Using LLMs vs. 'The Environment'
A short rant about people who overuse LLM AI's
There’s a strange irony in watching people talk about global warming and other environmental problems while simultaneously hammering away at chatbots like they’re infinite-energy oracles. Every throwaway prompt like “write my tweet,” “summarize this article,” “draft an email to my cat,” etc. runs on megawatts and datacenter water cooling. It’s not that using LLMs is evil; it’s that overusing them as a replacement for thinking has become its own form of digital pollution. While there is a real environmental cost, perhaps the erosion of intellectual self-sufficiency is even more damaging.

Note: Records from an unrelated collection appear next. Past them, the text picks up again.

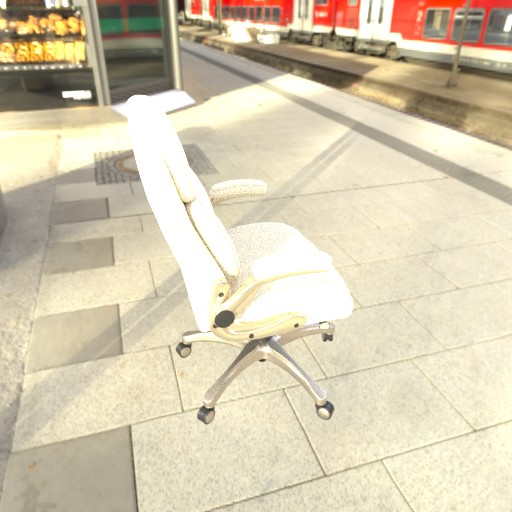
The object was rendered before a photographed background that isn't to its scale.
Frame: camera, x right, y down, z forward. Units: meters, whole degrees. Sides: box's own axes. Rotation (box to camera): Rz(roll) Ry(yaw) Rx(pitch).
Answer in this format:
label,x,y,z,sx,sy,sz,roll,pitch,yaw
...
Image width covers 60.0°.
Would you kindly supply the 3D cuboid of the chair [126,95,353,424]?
label,x,y,z,sx,sy,sz,roll,pitch,yaw
chair,0.000,0.000,1.650,0.794,1.110,0.740,-10,31,-17
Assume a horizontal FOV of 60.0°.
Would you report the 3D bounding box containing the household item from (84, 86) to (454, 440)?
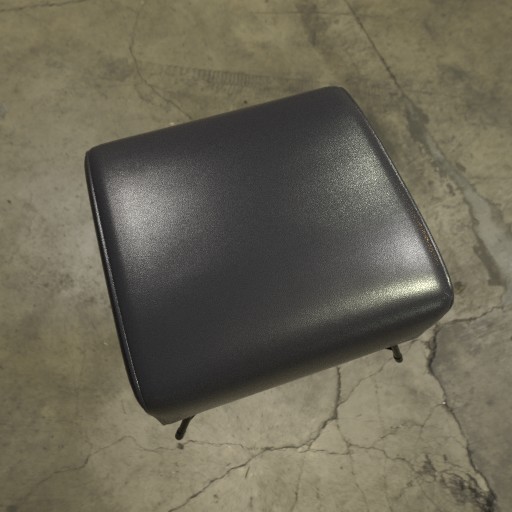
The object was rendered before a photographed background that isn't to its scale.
[{"bbox_3d":[0.000,0.000,0.884,0.530,0.410,0.530,-17,67,-8],"label":"household item"}]

Agentic programming tools take this wastefulness to another level. These “autonomous” agents chain LLM calls together, recursively prompting other models, often without meaningful human oversight. Each step burns compute cycles. The result isn’t intelligence—it’s a Rube Goldberg machine of API calls, an illusion of progress paid for in electricity, latency, and cognitive outsourcing. If overusing LLM Chat is leaving the lights on, then agentic systems are the AI equivalent of lighting up Las Vegas to toast a single slice of bread.
To be clear, dear reader, I use gemini-cli and codex a few times a week to good effect. What I am complaining about here is devs on social media bragging how many agentic AI coding sessions they keep running in multiple sessions.
The energy and other environmental externalities for over-using or miss-using AI are extreme, dumping on our environment and our future economy.


Electricity costs go up for everyone when a data center goes into an area. If the company putting in a data center had to pay for the increase in other's costs, they'd think much more about what these are being used for.